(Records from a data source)
============================================================

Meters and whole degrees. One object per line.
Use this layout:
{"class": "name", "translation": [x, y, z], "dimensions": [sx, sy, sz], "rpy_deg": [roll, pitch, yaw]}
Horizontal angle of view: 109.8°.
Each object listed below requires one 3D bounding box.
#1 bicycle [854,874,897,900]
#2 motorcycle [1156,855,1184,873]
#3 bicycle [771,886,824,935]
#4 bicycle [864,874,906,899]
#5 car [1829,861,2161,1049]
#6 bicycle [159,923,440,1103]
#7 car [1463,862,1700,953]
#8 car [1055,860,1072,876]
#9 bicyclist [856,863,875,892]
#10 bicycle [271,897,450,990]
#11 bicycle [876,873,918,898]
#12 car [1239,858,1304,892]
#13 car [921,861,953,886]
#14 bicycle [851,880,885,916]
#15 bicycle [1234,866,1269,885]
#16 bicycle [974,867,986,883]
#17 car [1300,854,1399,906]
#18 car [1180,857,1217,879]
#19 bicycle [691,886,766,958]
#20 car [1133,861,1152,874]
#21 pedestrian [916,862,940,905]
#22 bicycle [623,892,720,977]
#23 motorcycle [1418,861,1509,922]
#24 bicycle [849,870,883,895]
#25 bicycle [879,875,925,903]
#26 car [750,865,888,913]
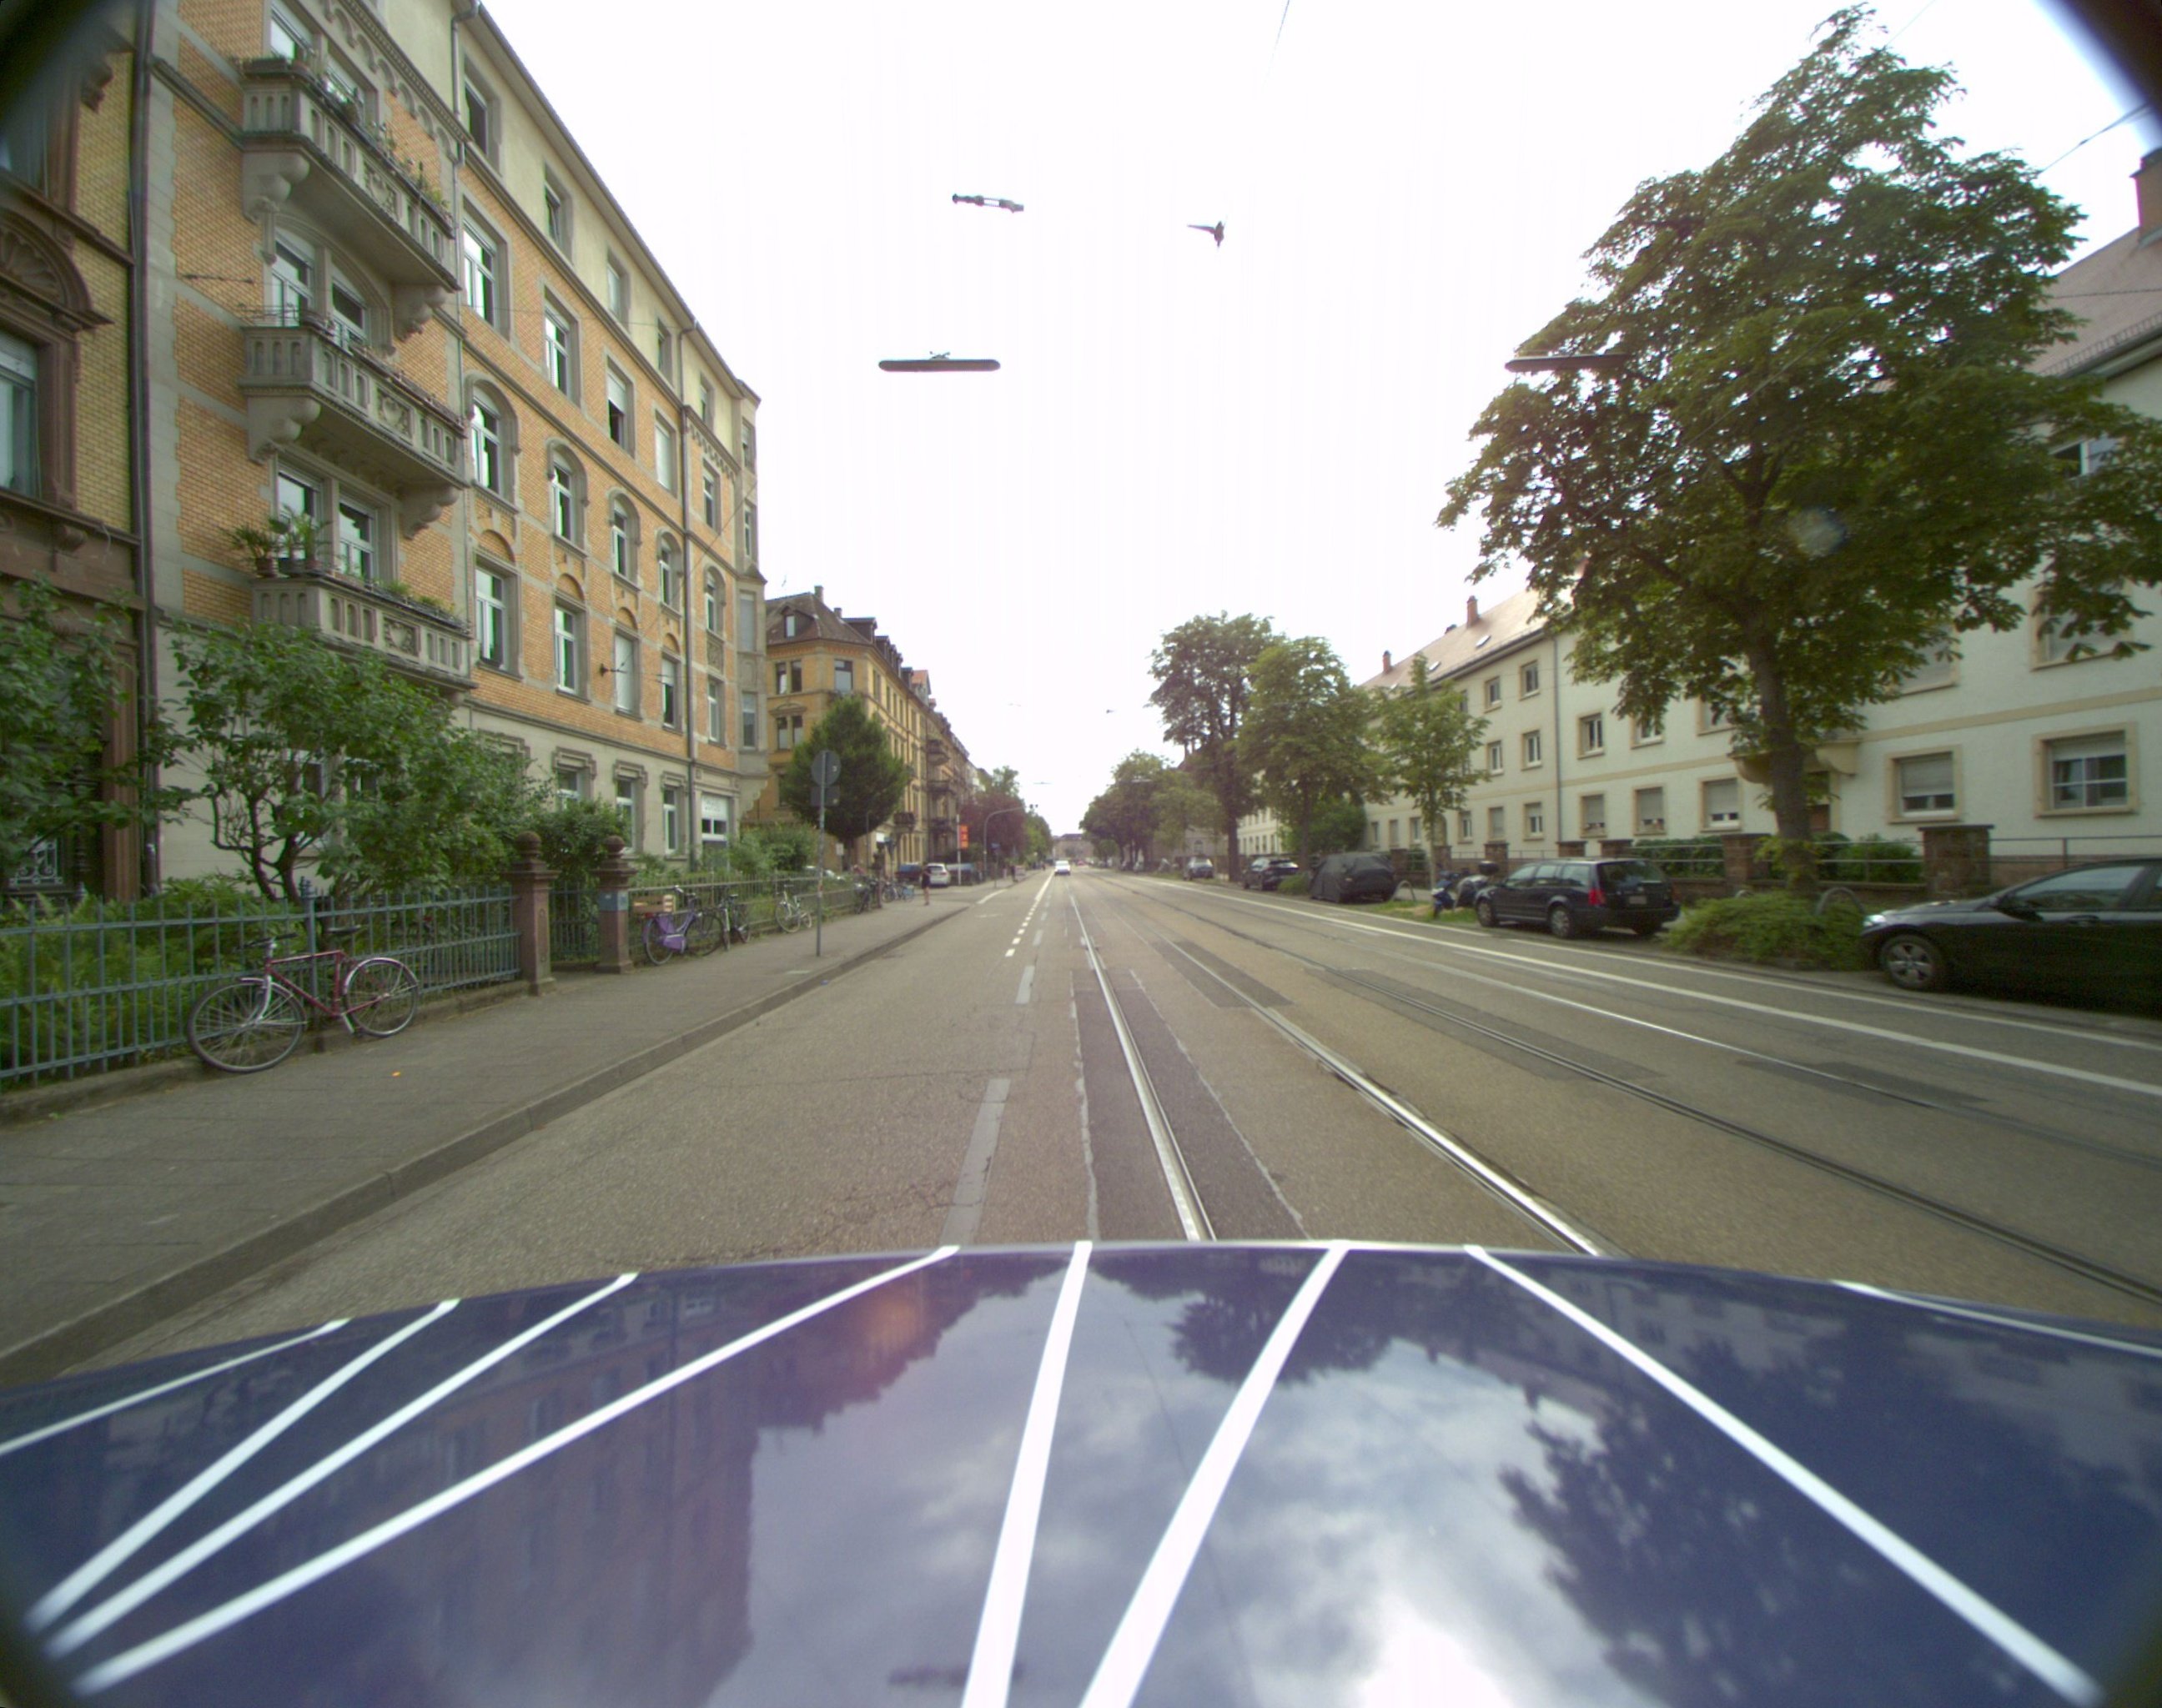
{"class": "bicycle", "translation": [-9.193, 1.491, 34.034], "dimensions": [1.889, 1.121, 0.533], "rpy_deg": [-1, 0, 21]}
{"class": "motorcycle", "translation": [8.215, 0.912, 70.451], "dimensions": [2.312, 1.382, 0.838], "rpy_deg": [-6, 1, 30]}
{"class": "bicycle", "translation": [-6.382, 1.254, 17.164], "dimensions": [0.580, 0.977, 1.672], "rpy_deg": [3, 0, -2]}
{"class": "bicycle", "translation": [-8.947, 1.475, 34.666], "dimensions": [1.889, 1.121, 0.533], "rpy_deg": [-1, 0, 20]}
{"class": "car", "translation": [9.755, 0.849, 6.820], "dimensions": [1.701, 1.415, 4.299], "rpy_deg": [-4, 0, -1]}
{"class": "bicycle", "translation": [-6.217, 1.199, 6.198], "dimensions": [0.580, 1.105, 1.672], "rpy_deg": [-1, 0, -2]}
{"class": "car", "translation": [9.466, 0.917, 14.881], "dimensions": [1.701, 1.415, 4.299], "rpy_deg": [-3, 0, -1]}
{"class": "car", "translation": [-2.060, 1.626, 89.796], "dimensions": [1.876, 1.670, 5.130], "rpy_deg": [-1, 0, -1]}
{"class": "bicyclist", "translation": [-11.807, 1.294, 41.682], "dimensions": [0.858, 1.590, 0.581], "rpy_deg": [-2, -2, 0]}
{"class": "bicycle", "translation": [-9.325, 1.146, 9.876], "dimensions": [1.671, 1.105, 0.611], "rpy_deg": [-1, 0, -3]}
{"class": "bicycle", "translation": [-8.645, 1.472, 35.732], "dimensions": [1.890, 1.121, 0.533], "rpy_deg": [-1, 0, 15]}
{"class": "car", "translation": [8.835, 0.921, 35.640], "dimensions": [1.701, 1.462, 4.298], "rpy_deg": [-1, 0, -3]}
{"class": "car", "translation": [-9.400, 1.255, 49.996], "dimensions": [1.757, 1.516, 3.997], "rpy_deg": [-1, 0, -7]}
{"class": "bicycle", "translation": [-6.440, 1.320, 23.055], "dimensions": [0.580, 0.977, 1.672], "rpy_deg": [3, 0, -2]}
{"class": "bicycle", "translation": [9.024, 1.151, 40.236], "dimensions": [1.672, 0.965, 0.672], "rpy_deg": [-1, 0, -10]}
{"class": "bicycle", "translation": [-7.411, 1.548, 55.892], "dimensions": [0.630, 1.106, 1.874], "rpy_deg": [-1, 0, 0]}
{"class": "car", "translation": [9.179, 0.843, 26.373], "dimensions": [1.790, 1.602, 4.299], "rpy_deg": [-1, 0, -1]}
{"class": "car", "translation": [8.404, 0.988, 54.745], "dimensions": [1.701, 1.462, 4.298], "rpy_deg": [-2, 0, -3]}
{"class": "bicycle", "translation": [-6.235, 1.173, 13.531], "dimensions": [0.580, 1.105, 1.672], "rpy_deg": [3, 0, -2]}
{"class": "car", "translation": [7.459, 1.594, 92.334], "dimensions": [1.732, 1.462, 4.298], "rpy_deg": [-1, 0, -3]}
{"class": "pedestrian", "translation": [-5.901, 1.119, 29.284], "dimensions": [0.732, 1.614, 0.835], "rpy_deg": [-1, 0, -2]}
{"class": "bicycle", "translation": [-6.176, 1.180, 11.559], "dimensions": [0.580, 1.105, 1.672], "rpy_deg": [3, 0, -2]}
{"class": "motorcycle", "translation": [9.419, 0.912, 18.727], "dimensions": [1.871, 1.253, 0.591], "rpy_deg": [-7, 1, -5]}
{"class": "bicycle", "translation": [-11.790, 1.567, 41.692], "dimensions": [1.671, 1.250, 0.581], "rpy_deg": [-2, -2, 0]}
{"class": "bicycle", "translation": [-7.652, 1.464, 32.512], "dimensions": [0.629, 1.106, 1.878], "rpy_deg": [-1, 0, 42]}
{"class": "car", "translation": [-9.307, 1.238, 27.221], "dimensions": [4.297, 1.498, 1.702], "rpy_deg": [-2, 0, -1]}

============================================================

Would you mind returning each entry above word for word, skipping the images?

=== Written solution ===
Meters and whole degrees. One object per line.
Use this layout:
{"class": "name", "translation": [x, y, z], "dimensions": [sx, sy, sz], "rpy_deg": [roll, pitch, yaw]}
Horizontal angle of view: 109.8°.
Each object listed below requires one 3D bounding box.
#1 bicycle [854,874,897,900]
#2 motorcycle [1156,855,1184,873]
#3 bicycle [771,886,824,935]
#4 bicycle [864,874,906,899]
#5 car [1829,861,2161,1049]
#6 bicycle [159,923,440,1103]
#7 car [1463,862,1700,953]
#8 car [1055,860,1072,876]
#9 bicyclist [856,863,875,892]
#10 bicycle [271,897,450,990]
#11 bicycle [876,873,918,898]
#12 car [1239,858,1304,892]
#13 car [921,861,953,886]
#14 bicycle [851,880,885,916]
#15 bicycle [1234,866,1269,885]
#16 bicycle [974,867,986,883]
#17 car [1300,854,1399,906]
#18 car [1180,857,1217,879]
#19 bicycle [691,886,766,958]
#20 car [1133,861,1152,874]
#21 pedestrian [916,862,940,905]
#22 bicycle [623,892,720,977]
#23 motorcycle [1418,861,1509,922]
#24 bicycle [849,870,883,895]
#25 bicycle [879,875,925,903]
#26 car [750,865,888,913]
{"class": "bicycle", "translation": [-9.193, 1.491, 34.034], "dimensions": [1.889, 1.121, 0.533], "rpy_deg": [-1, 0, 21]}
{"class": "motorcycle", "translation": [8.215, 0.912, 70.451], "dimensions": [2.312, 1.382, 0.838], "rpy_deg": [-6, 1, 30]}
{"class": "bicycle", "translation": [-6.382, 1.254, 17.164], "dimensions": [0.580, 0.977, 1.672], "rpy_deg": [3, 0, -2]}
{"class": "bicycle", "translation": [-8.947, 1.475, 34.666], "dimensions": [1.889, 1.121, 0.533], "rpy_deg": [-1, 0, 20]}
{"class": "car", "translation": [9.755, 0.849, 6.820], "dimensions": [1.701, 1.415, 4.299], "rpy_deg": [-4, 0, -1]}
{"class": "bicycle", "translation": [-6.217, 1.199, 6.198], "dimensions": [0.580, 1.105, 1.672], "rpy_deg": [-1, 0, -2]}
{"class": "car", "translation": [9.466, 0.917, 14.881], "dimensions": [1.701, 1.415, 4.299], "rpy_deg": [-3, 0, -1]}
{"class": "car", "translation": [-2.060, 1.626, 89.796], "dimensions": [1.876, 1.670, 5.130], "rpy_deg": [-1, 0, -1]}
{"class": "bicyclist", "translation": [-11.807, 1.294, 41.682], "dimensions": [0.858, 1.590, 0.581], "rpy_deg": [-2, -2, 0]}
{"class": "bicycle", "translation": [-9.325, 1.146, 9.876], "dimensions": [1.671, 1.105, 0.611], "rpy_deg": [-1, 0, -3]}
{"class": "bicycle", "translation": [-8.645, 1.472, 35.732], "dimensions": [1.890, 1.121, 0.533], "rpy_deg": [-1, 0, 15]}
{"class": "car", "translation": [8.835, 0.921, 35.640], "dimensions": [1.701, 1.462, 4.298], "rpy_deg": [-1, 0, -3]}
{"class": "car", "translation": [-9.400, 1.255, 49.996], "dimensions": [1.757, 1.516, 3.997], "rpy_deg": [-1, 0, -7]}
{"class": "bicycle", "translation": [-6.440, 1.320, 23.055], "dimensions": [0.580, 0.977, 1.672], "rpy_deg": [3, 0, -2]}
{"class": "bicycle", "translation": [9.024, 1.151, 40.236], "dimensions": [1.672, 0.965, 0.672], "rpy_deg": [-1, 0, -10]}
{"class": "bicycle", "translation": [-7.411, 1.548, 55.892], "dimensions": [0.630, 1.106, 1.874], "rpy_deg": [-1, 0, 0]}
{"class": "car", "translation": [9.179, 0.843, 26.373], "dimensions": [1.790, 1.602, 4.299], "rpy_deg": [-1, 0, -1]}
{"class": "car", "translation": [8.404, 0.988, 54.745], "dimensions": [1.701, 1.462, 4.298], "rpy_deg": [-2, 0, -3]}
{"class": "bicycle", "translation": [-6.235, 1.173, 13.531], "dimensions": [0.580, 1.105, 1.672], "rpy_deg": [3, 0, -2]}
{"class": "car", "translation": [7.459, 1.594, 92.334], "dimensions": [1.732, 1.462, 4.298], "rpy_deg": [-1, 0, -3]}
{"class": "pedestrian", "translation": [-5.901, 1.119, 29.284], "dimensions": [0.732, 1.614, 0.835], "rpy_deg": [-1, 0, -2]}
{"class": "bicycle", "translation": [-6.176, 1.180, 11.559], "dimensions": [0.580, 1.105, 1.672], "rpy_deg": [3, 0, -2]}
{"class": "motorcycle", "translation": [9.419, 0.912, 18.727], "dimensions": [1.871, 1.253, 0.591], "rpy_deg": [-7, 1, -5]}
{"class": "bicycle", "translation": [-11.790, 1.567, 41.692], "dimensions": [1.671, 1.250, 0.581], "rpy_deg": [-2, -2, 0]}
{"class": "bicycle", "translation": [-7.652, 1.464, 32.512], "dimensions": [0.629, 1.106, 1.878], "rpy_deg": [-1, 0, 42]}
{"class": "car", "translation": [-9.307, 1.238, 27.221], "dimensions": [4.297, 1.498, 1.702], "rpy_deg": [-2, 0, -1]}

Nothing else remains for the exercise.